_Task directions:_ Write out exactly the lines below that run from the one containing "18. rack shelf from (978, 145) to (1001, 157)" through the one containing "23. rack shelf", both included, with no other lines.

_Data to examine:_
◆ ◆ ◆

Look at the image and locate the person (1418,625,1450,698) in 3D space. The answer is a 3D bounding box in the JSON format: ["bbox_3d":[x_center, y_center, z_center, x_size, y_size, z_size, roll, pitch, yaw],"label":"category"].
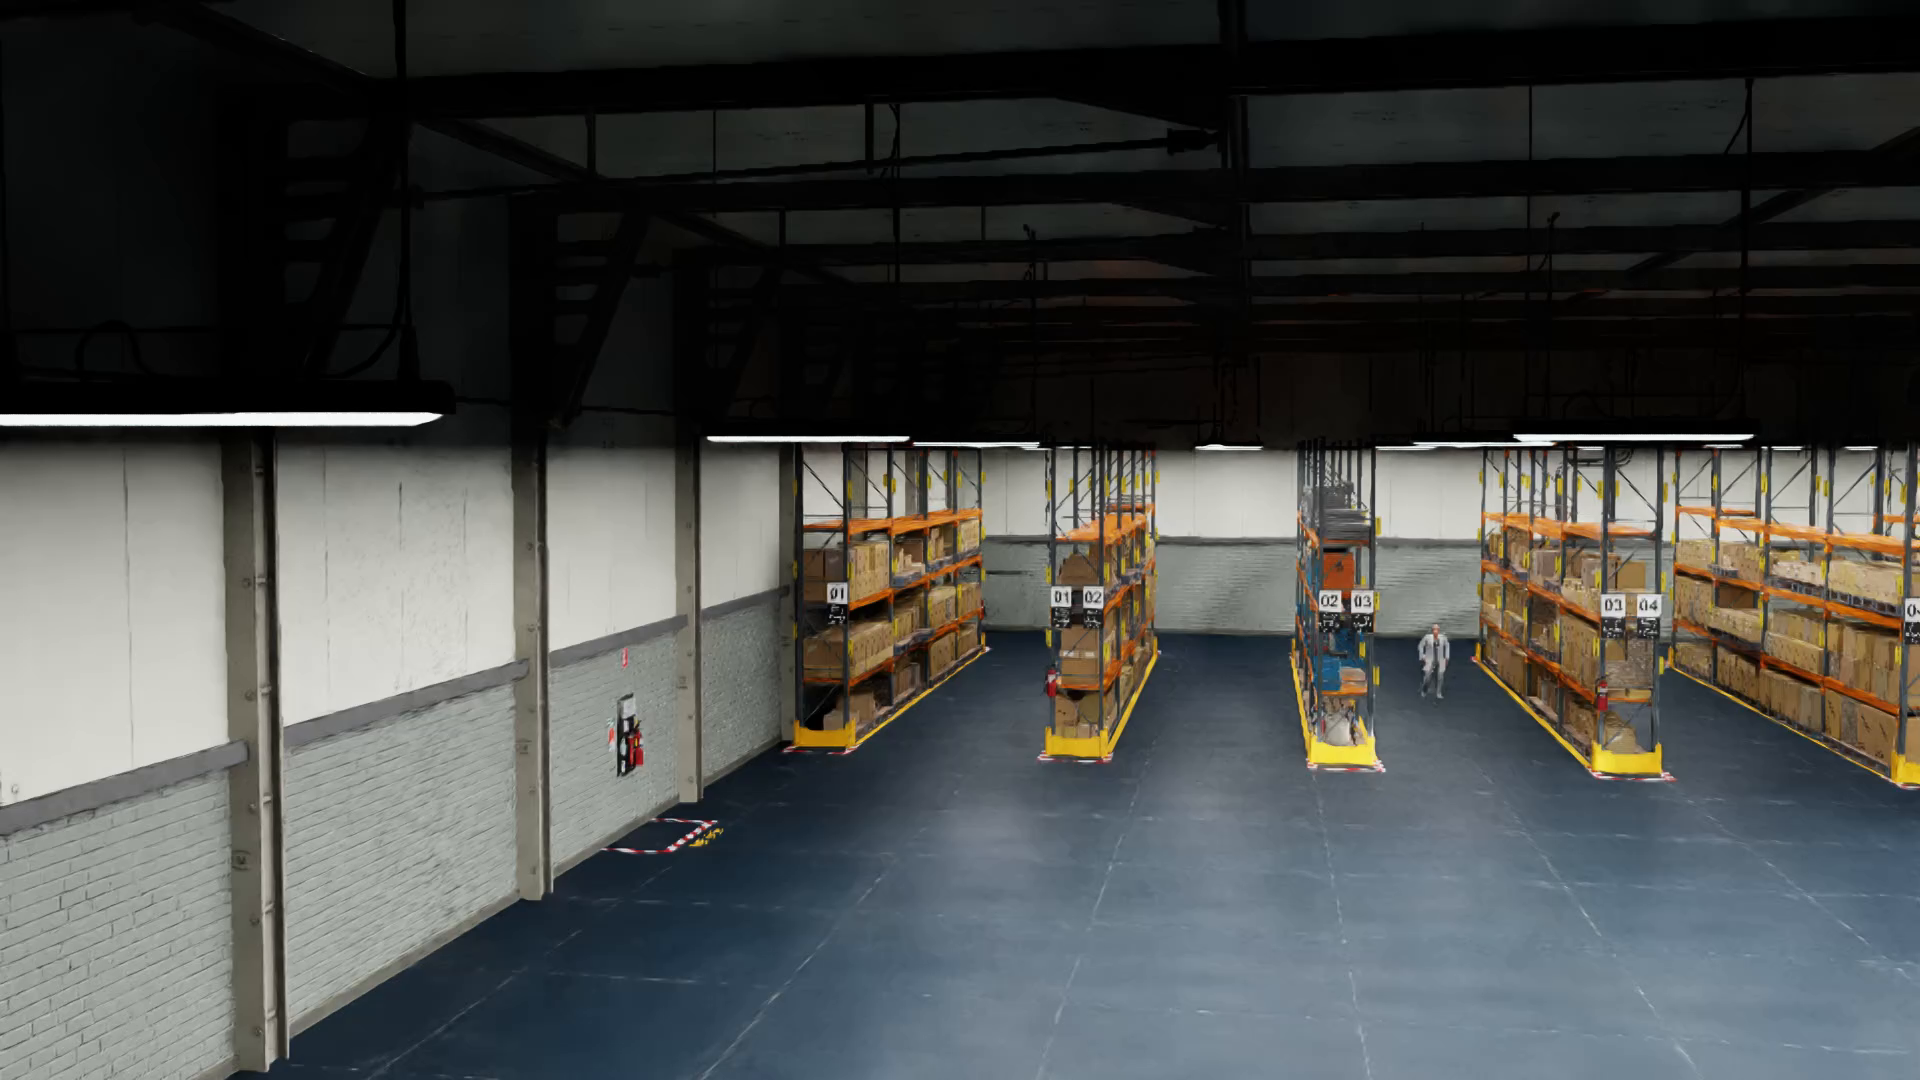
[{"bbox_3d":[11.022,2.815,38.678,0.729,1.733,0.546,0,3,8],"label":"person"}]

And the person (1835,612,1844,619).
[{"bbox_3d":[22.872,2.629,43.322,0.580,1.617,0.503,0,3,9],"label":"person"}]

◆ ◆ ◆

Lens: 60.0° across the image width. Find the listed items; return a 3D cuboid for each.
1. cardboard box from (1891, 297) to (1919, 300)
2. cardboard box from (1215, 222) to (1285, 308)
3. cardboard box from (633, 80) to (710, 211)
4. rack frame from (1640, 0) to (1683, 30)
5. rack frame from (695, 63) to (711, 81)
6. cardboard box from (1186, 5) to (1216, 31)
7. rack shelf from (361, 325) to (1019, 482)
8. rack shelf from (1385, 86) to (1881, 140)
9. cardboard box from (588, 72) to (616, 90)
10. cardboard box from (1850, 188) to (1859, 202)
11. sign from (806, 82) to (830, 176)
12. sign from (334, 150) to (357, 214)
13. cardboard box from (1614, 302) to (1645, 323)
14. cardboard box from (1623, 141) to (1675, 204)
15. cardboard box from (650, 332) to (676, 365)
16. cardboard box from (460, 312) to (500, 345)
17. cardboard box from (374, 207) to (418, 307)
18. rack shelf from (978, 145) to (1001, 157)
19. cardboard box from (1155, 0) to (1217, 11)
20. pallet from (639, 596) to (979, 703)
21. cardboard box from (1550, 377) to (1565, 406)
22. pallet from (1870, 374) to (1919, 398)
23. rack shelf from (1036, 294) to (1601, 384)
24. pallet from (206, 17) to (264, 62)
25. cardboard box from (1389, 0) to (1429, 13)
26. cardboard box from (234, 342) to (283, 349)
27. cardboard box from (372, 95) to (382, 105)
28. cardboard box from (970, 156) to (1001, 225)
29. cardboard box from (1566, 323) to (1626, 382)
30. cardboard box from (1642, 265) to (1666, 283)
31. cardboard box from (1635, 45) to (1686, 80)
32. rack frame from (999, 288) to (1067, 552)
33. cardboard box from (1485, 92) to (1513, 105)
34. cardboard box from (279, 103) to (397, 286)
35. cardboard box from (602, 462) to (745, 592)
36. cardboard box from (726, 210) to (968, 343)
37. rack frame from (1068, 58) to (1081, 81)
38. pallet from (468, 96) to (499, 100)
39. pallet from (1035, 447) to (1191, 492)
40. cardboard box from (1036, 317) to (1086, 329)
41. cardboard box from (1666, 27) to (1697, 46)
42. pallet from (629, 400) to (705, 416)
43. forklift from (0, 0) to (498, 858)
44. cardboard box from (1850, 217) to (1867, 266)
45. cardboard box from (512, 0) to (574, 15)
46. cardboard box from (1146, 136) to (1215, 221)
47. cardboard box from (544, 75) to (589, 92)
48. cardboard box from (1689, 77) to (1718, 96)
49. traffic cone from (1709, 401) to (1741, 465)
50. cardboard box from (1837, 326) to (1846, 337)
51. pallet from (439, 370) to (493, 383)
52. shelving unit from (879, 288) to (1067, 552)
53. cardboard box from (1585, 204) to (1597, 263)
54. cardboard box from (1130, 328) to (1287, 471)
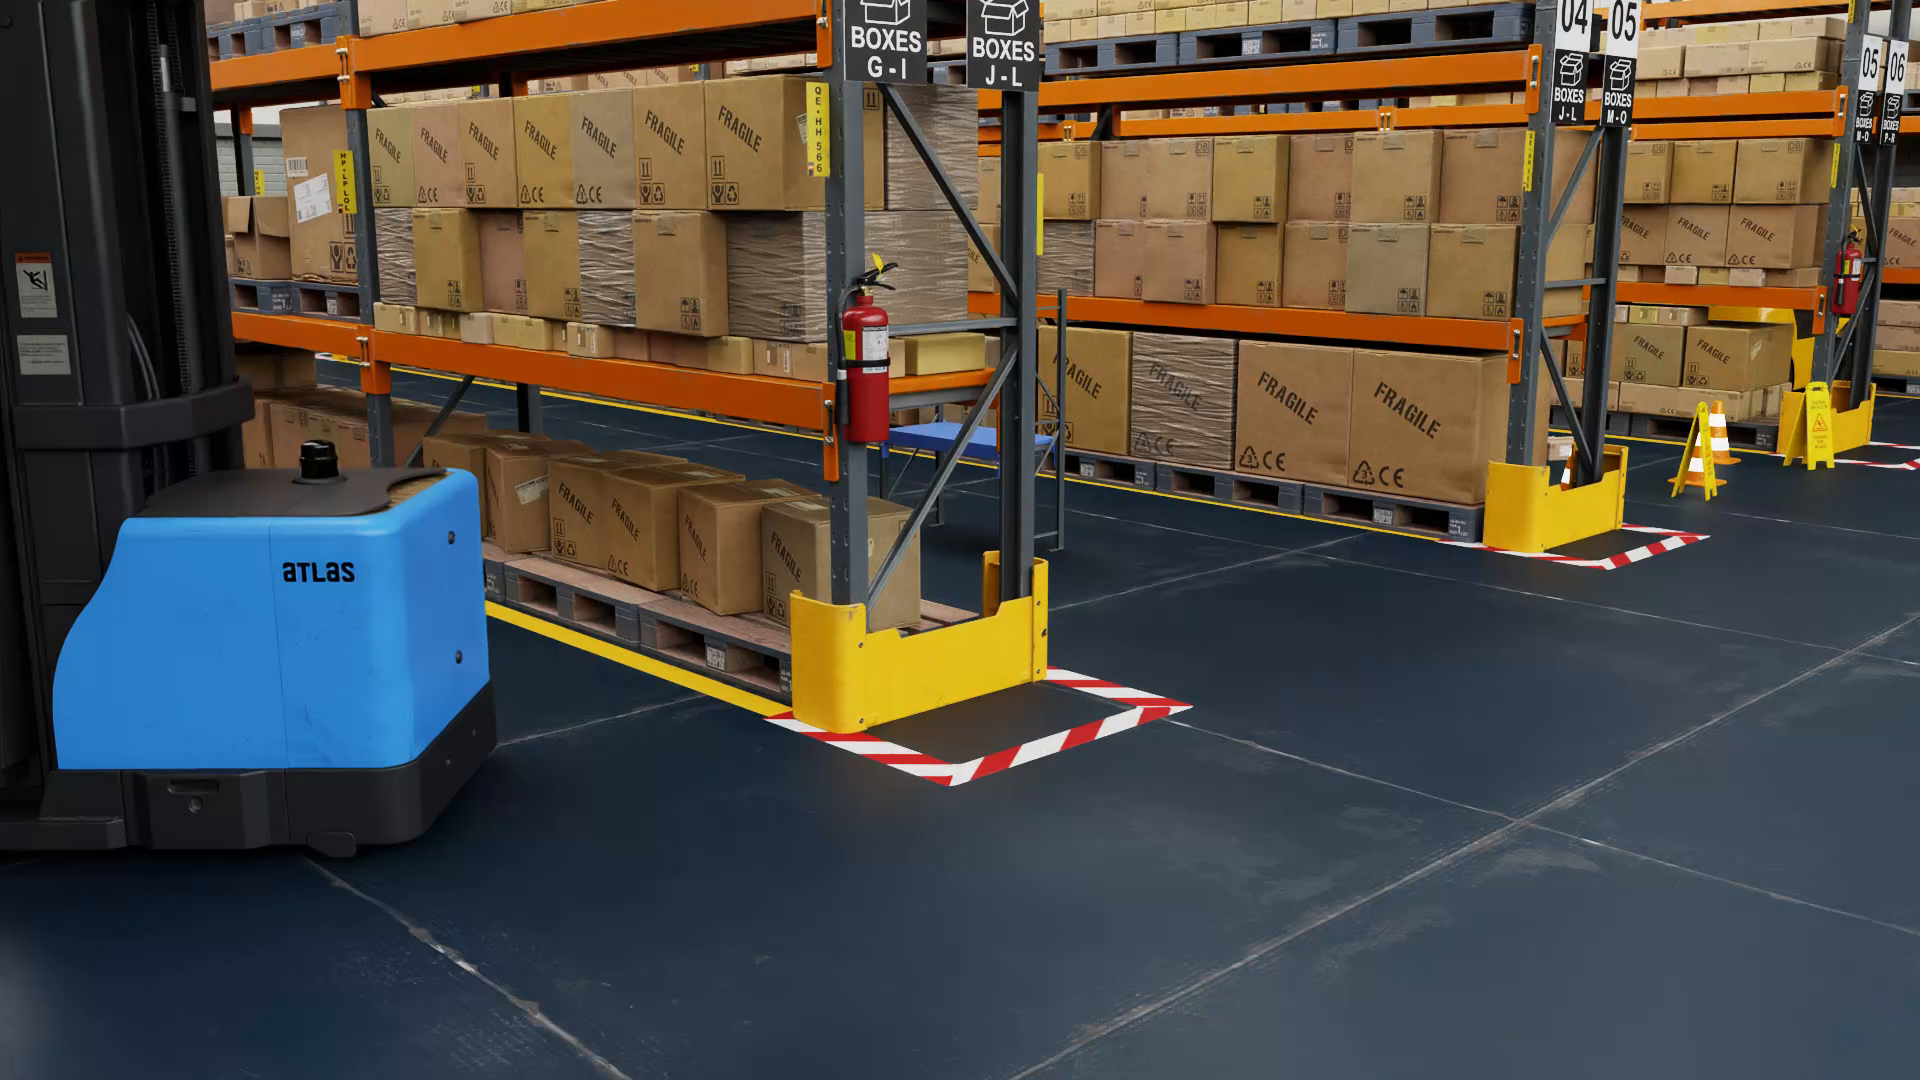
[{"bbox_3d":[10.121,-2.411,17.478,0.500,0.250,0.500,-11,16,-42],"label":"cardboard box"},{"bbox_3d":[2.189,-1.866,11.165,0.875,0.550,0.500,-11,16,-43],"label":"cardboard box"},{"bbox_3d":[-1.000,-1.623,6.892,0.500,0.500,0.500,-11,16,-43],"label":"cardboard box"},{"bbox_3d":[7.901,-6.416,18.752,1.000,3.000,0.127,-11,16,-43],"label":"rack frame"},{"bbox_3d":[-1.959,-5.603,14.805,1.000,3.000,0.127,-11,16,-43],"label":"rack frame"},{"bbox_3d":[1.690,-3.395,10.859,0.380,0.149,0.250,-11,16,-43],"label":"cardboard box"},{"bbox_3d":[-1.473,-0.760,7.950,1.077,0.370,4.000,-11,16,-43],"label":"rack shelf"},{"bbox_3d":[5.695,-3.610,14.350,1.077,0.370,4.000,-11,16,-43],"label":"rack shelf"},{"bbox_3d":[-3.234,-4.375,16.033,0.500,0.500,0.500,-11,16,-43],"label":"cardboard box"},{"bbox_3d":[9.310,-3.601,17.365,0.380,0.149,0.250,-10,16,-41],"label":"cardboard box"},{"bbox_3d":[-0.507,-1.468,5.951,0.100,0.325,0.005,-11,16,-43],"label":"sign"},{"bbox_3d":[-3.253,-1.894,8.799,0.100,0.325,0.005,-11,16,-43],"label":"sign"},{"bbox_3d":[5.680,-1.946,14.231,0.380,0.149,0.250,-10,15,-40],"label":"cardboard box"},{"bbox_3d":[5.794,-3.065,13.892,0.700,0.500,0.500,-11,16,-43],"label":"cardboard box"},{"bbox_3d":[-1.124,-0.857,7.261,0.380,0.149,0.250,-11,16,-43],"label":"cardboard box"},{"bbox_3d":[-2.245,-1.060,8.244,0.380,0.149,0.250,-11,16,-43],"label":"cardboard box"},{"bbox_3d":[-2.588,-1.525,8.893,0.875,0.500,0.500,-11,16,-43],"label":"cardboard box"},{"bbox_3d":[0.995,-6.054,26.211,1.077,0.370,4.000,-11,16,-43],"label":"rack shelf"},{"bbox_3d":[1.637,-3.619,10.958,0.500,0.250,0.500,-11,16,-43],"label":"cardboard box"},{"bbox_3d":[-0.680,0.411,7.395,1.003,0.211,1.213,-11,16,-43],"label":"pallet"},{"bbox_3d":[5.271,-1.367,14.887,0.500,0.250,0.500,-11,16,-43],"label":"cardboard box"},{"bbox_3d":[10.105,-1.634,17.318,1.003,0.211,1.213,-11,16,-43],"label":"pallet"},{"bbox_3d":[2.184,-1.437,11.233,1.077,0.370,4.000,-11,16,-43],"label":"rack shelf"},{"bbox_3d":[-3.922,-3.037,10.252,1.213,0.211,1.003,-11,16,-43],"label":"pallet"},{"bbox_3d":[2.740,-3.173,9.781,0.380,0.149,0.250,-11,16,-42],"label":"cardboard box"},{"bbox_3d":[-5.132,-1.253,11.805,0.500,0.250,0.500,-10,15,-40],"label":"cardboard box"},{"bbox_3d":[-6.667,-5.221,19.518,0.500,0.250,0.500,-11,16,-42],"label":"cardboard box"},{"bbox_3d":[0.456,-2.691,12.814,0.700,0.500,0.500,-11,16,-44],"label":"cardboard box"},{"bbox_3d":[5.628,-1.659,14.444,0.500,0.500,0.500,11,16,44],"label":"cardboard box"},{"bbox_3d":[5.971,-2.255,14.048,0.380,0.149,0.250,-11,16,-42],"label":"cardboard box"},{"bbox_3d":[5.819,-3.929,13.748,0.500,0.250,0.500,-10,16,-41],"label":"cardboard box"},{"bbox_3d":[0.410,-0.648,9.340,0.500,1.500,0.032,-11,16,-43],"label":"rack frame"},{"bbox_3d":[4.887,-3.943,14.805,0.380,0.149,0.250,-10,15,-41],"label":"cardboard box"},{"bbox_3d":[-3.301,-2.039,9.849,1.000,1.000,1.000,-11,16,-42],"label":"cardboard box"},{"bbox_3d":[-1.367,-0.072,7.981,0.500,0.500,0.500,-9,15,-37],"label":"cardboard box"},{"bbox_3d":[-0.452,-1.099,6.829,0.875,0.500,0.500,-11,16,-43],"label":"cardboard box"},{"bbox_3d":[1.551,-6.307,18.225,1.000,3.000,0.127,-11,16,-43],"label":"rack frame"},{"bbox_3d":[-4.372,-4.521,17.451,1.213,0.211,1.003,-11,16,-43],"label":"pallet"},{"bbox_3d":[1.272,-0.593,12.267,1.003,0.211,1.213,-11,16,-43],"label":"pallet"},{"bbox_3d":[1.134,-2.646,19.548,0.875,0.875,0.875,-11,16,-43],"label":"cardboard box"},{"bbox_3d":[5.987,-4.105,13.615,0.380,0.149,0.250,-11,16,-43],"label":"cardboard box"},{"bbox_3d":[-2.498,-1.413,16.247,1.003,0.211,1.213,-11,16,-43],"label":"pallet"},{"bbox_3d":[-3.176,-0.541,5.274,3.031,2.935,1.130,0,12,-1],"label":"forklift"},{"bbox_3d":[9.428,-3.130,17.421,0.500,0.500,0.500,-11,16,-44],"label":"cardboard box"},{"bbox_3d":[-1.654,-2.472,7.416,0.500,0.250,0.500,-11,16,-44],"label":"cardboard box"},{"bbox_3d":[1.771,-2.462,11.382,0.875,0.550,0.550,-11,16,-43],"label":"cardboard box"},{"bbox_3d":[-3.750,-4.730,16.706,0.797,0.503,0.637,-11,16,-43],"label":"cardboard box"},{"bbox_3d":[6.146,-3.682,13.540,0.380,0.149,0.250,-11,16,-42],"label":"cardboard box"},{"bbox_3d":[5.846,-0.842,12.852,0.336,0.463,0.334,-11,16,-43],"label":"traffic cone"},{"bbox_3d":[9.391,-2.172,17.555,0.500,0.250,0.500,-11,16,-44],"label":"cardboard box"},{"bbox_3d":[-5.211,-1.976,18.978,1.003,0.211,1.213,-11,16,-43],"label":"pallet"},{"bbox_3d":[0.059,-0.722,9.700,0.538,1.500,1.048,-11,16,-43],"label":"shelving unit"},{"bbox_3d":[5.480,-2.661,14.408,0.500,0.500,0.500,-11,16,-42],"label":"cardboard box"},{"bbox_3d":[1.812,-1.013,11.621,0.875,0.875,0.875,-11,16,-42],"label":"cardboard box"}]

◆ ◆ ◆

_Reply:_
18. rack shelf from (978, 145) to (1001, 157)
19. cardboard box from (1155, 0) to (1217, 11)
20. pallet from (639, 596) to (979, 703)
21. cardboard box from (1550, 377) to (1565, 406)
22. pallet from (1870, 374) to (1919, 398)
23. rack shelf from (1036, 294) to (1601, 384)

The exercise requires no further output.